* **WHAT TO DO**
If a line of the records contains the word "centre", list it.
### INFORMATION ###
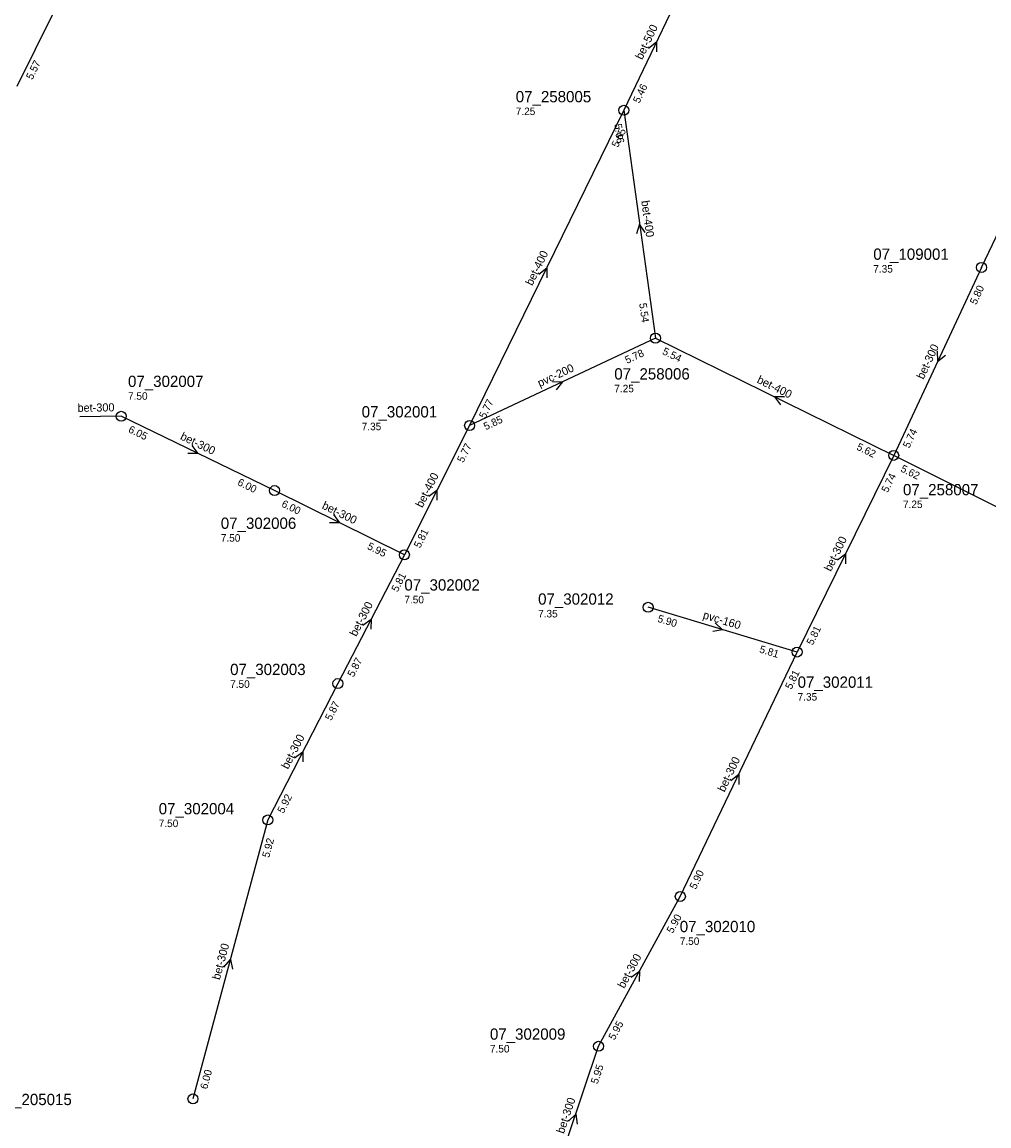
# Model space of a CAD drawing. Header units: metres. Extents: x 163992 to 165429, y 447924 to 449146.
# Tile 21 of 34: x 164650 to 164804, y 448266 to 448442. Entities that reach past the tile are written whole.
import ezdxf

# ---------------------------------------------------------------- set-up
doc = ezdxf.new("R2010")
doc.units = ezdxf.units.M

msp = doc.modelspace()

# ---------------------------------------------------------------- linework, layer by layer
at = {"layer": 'CON_BxH160x160mm', "linetype": 'Continuous'}
msp.add_lwpolyline([(164773.429, 448341.266), (164749.66, 448348.41)], dxfattribs=at)
at = {"layer": 'CON_BxH200x200mm', "linetype": 'Continuous'}
msp.add_lwpolyline([(164750.811, 448391.347), (164721.164, 448377.417)], dxfattribs=at)
at = {"layer": 'CON_BxH300x300mm', "linetype": 'Continuous'}
for points in [[(164663.566, 448461.192), (164648.864, 448431.499)], [(164802.86, 448402.643), (164816.859, 448431.865)], [(164802.86, 448402.643), (164788.848, 448372.647)], [(164665.552, 448378.881), (164658.929, 448378.796)], [(164690.029, 448367.031), (164665.552, 448378.881)], [(164788.848, 448372.647), (164773.429, 448341.266)], [(164825.547, 448354.357), (164788.848, 448372.647)], [(164710.744, 448356.778), (164690.029, 448367.031)], [(164710.744, 448356.778), (164700.125, 448336.243)], [(164754.788, 448302.28), (164773.429, 448341.266)], [(164700.125, 448336.243), (164688.936, 448314.484)], [(164688.936, 448314.484), (164677, 448269.97)], [(164741.742, 448278.372), (164754.788, 448302.28)], [(164734.438, 448256.705), (164741.742, 448278.372)]]:
    msp.add_lwpolyline(points, dxfattribs=at)
at = {"layer": 'CON_BxH400x400mm', "linetype": 'Continuous'}
for points in [[(164745.757, 448427.701), (164721.164, 448377.417)], [(164745.757, 448427.701), (164750.811, 448391.347)], [(164750.811, 448391.347), (164788.848, 448372.647)], [(164721.164, 448377.417), (164710.744, 448356.778)]]:
    msp.add_lwpolyline(points, dxfattribs=at)
at = {"layer": 'CON_BxH500x500mm', "linetype": 'Continuous'}
msp.add_lwpolyline([(164756.208, 448449.535), (164745.757, 448427.701)], dxfattribs=at)
at = {"layer": 'NOD_inspectieput'}
for centre in [(164745.76, 448427.7), (164802.86, 448402.64), (164750.81, 448391.35), (164665.55, 448378.88), (164721.16, 448377.42), (164788.85, 448372.65), (164690.03, 448367.03), (164710.74, 448356.78), (164749.66, 448348.41), (164773.43, 448341.27), (164700.13, 448336.24), (164688.94, 448314.48), (164754.79, 448302.28), (164741.74, 448278.37), (164677, 448269.97)]:
    msp.add_circle(centre, 0.8, dxfattribs=at)
at = {"layer": 'PIJL'}
for points in [[(164749.71, 448437.63), (164750.98, 448438.62), (164751.01, 448437.01)], [(164749.2, 448408.2), (164748.28, 448409.52), (164747.77, 448408)], [(164732.18, 448401.58), (164733.46, 448402.56), (164733.47, 448400.95)], [(164795.81, 448389.25), (164795.85, 448387.65), (164797.12, 448388.64)], [(164734.38, 448384.42), (164735.99, 448384.38), (164734.99, 448383.12)], [(164771.44, 448382.01), (164769.83, 448382), (164770.8, 448380.72)], [(164676.81, 448374.23), (164677.79, 448372.96), (164676.18, 448372.94)], [(164714.66, 448366.14), (164715.95, 448367.1), (164715.95, 448365.49)], [(164699.42, 448363.19), (164700.39, 448361.9), (164698.78, 448361.9)], [(164779.86, 448355.98), (164781.14, 448356.96), (164781.15, 448355.35)], [(164704.13, 448345.56), (164705.43, 448346.51), (164705.41, 448344.9)], [(164760.37, 448345.94), (164761.54, 448344.84), (164759.96, 448344.56)], [(164693.23, 448324.41), (164694.53, 448325.36), (164694.51, 448323.75)], [(164762.84, 448320.78), (164764.11, 448321.77), (164764.14, 448320.16)], [(164681.9, 448291.02), (164682.97, 448292.23), (164683.29, 448290.65)], [(164746.94, 448289.41), (164748.27, 448290.33), (164748.21, 448288.72)], [(164736.95, 448266.4), (164738.09, 448267.54), (164738.31, 448265.94)]]:
    msp.add_lwpolyline(points, dxfattribs=at)

# ---------------------------------------------------------------- texts
at = {"layer": 'DMM_BxH160x160mm'}
msp.add_text('pvc-160', height=1.3, rotation=-16.73, dxfattribs=at).set_placement((164758.29, 448346.65))
at = {"layer": 'DMM_BxH200x200mm'}
msp.add_text('pvc-200', height=1.3, rotation=25.17, dxfattribs=at).set_placement((164732.36, 448383.52))
at = {"layer": 'DMM_BxH300x300mm'}
for rotation, p in [(64.96, (164793.61, 448384.67)), (0.74, (164658.58, 448379.59)), (-25.83, (164674.86, 448375.26)), (-26.33, (164697.47, 448364.23)), (63.83, (164778.83, 448354.03)), (62.66, (164703.07, 448343.64)), (62.79, (164692.17, 448322.48)), (64.45, (164761.84, 448318.84)), (74.99, (164681.28, 448288.89)), (61.38, (164745.83, 448287.5)), (71.37, (164736.2, 448264.34))]:
    msp.add_text('bet-300', height=1.3, rotation=rotation, dxfattribs=at).set_placement(p)
at = {"layer": 'DMM_BxH400x400mm'}
for rotation, p in [(-82.09, (164748.55, 448413.23)), (63.94, (164731.16, 448399.62)), (-26.18, (164766.91, 448384.29)), (63.21, (164713.62, 448364.2))]:
    msp.add_text('bet-400', height=1.3, rotation=rotation, dxfattribs=at).set_placement(p)
at = {"layer": 'DMM_BxH500x500mm'}
msp.add_text('bet-500', height=1.3, rotation=64.42, dxfattribs=at).set_placement((164748.7, 448435.68))
at = {"layer": 'INV_BxH160x160mm'}
for s, p in [('5.90', (164751.06, 448346.11)), ('5.81', (164767.32, 448341.22))]:
    msp.add_text(s, height=1.2, rotation=-16.73, dxfattribs=at).set_placement(p)
at = {"layer": 'INV_BxH200x200mm'}
for s, p in [('5.78', (164746.29, 448387.23)), ('5.85', (164723.74, 448376.64))]:
    msp.add_text(s, height=1.2, rotation=25.17, dxfattribs=at).set_placement(p)
at = {"layer": 'INV_BxH300x300mm'}
for s, rotation, p in [('5.57', 63.66, (164651.36, 448432.49)), ('5.80', 64.96, (164802.02, 448396.59)), ('6.05', -25.83, (164666.57, 448376.39)), ('5.74', 64.96, (164791.33, 448373.7)), ('5.74', 63.83, (164787.89, 448366.61)), ('5.62', -26.49, (164789.84, 448370.14)), ('6.00', -25.83, (164683.99, 448367.96)), ('6.00', -26.33, (164691.02, 448364.53)), ('5.95', -26.33, (164704.71, 448357.76)), ('5.81', 62.66, (164709.66, 448350.76)), ('5.81', 63.83, (164775.93, 448342.27)), ('5.87', 62.66, (164702.64, 448337.19)), ('5.81', 64.45, (164772.53, 448335.22)), ('5.87', 62.79, (164699.06, 448330.23)), ('5.92', 62.79, (164691.45, 448315.44)), ('5.92', 74.99, (164689.16, 448308.38)), ('5.90', 64.45, (164757.27, 448303.31)), ('5.90', 61.38, (164753.57, 448296.29)), ('5.95', 61.38, (164744.28, 448279.27)), ('5.95', 71.37, (164741.58, 448272.26)), ('6.00', 74.99, (164679.26, 448271.44))]:
    msp.add_text(s, height=1.2, rotation=rotation, dxfattribs=at).set_placement(p)
at = {"layer": 'INV_BxH400x400mm'}
for s, rotation, p in [('5.65', 63.94, (164744.81, 448421.66)), ('5.46', -82.09, (164744.25, 448425.47)), ('5.54', -82.09, (164748.22, 448396.88)), ('5.54', -26.18, (164751.81, 448388.85)), ('5.77', 63.94, (164723.66, 448378.42)), ('5.77', 63.21, (164720.14, 448371.39)), ('5.62', -26.18, (164782.81, 448373.61)), ('5.81', 63.21, (164713.25, 448357.75))]:
    msp.add_text(s, height=1.2, rotation=rotation, dxfattribs=at).set_placement(p)
at = {"layer": 'INV_BxH500x500mm'}
msp.add_text('5.46', height=1.2, rotation=64.42, dxfattribs=at).set_placement((164748.24, 448428.73))
at = {"layer": 'NLV_inspectieput'}
for s, p in [('7.25', (164728.52, 448426.94)), ('7.35', (164785.59, 448401.81)), ('7.25', (164744.25, 448382.71)), ('7.50', (164666.63, 448381.52)), ('7.35', (164703.93, 448376.66)), ('7.25', (164790.33, 448364.24)), ('7.50', (164681.44, 448358.88)), ('7.50', (164710.74, 448349.04)), ('7.35', (164732.09, 448346.79)), ('7.50', (164682.93, 448335.56)), ('7.35', (164773.51, 448333.53)), ('7.50', (164671.53, 448313.34)), ('7.50', (164754.7, 448294.54)), ('7.50', (164724.4, 448277.38))]:
    msp.add_text(s, height=1.2, dxfattribs=at).set_placement(p)
at = {"layer": 'NNR_inspectieput'}
for s, p in [('07_258005', (164728.52, 448428.98)), ('07_109001', (164785.59, 448403.85)), ('07_258006', (164744.25, 448384.75)), ('07_302007', (164666.63, 448383.56)), ('07_302001', (164703.93, 448378.7)), ('07_258007', (164790.33, 448366.28)), ('07_302006', (164681.44, 448360.92)), ('07_302002', (164710.74, 448351.08)), ('07_302012', (164732.09, 448348.83)), ('07_302003', (164682.93, 448337.6)), ('07_302011', (164773.51, 448335.57)), ('07_302004', (164671.53, 448315.38)), ('07_302010', (164754.7, 448296.58)), ('07_302009', (164724.4, 448279.42)), ('07_205015', (164645.61, 448268.99))]:
    msp.add_text(s, height=1.8, dxfattribs=at).set_placement(p)

doc.saveas('drawing.dxf')
###
* **OUTPUT BELOW**
for centre in [(164745.76, 448427.7), (164802.86, 448402.64), (164750.81, 448391.35), (164665.55, 448378.88), (164721.16, 448377.42), (164788.85, 448372.65), (164690.03, 448367.03), (164710.74, 448356.78), (164749.66, 448348.41), (164773.43, 448341.27), (164700.13, 448336.24), (164688.94, 448314.48), (164754.79, 448302.28), (164741.74, 448278.37), (164677, 448269.97)]:
    msp.add_circle(centre, 0.8, dxfattribs=at)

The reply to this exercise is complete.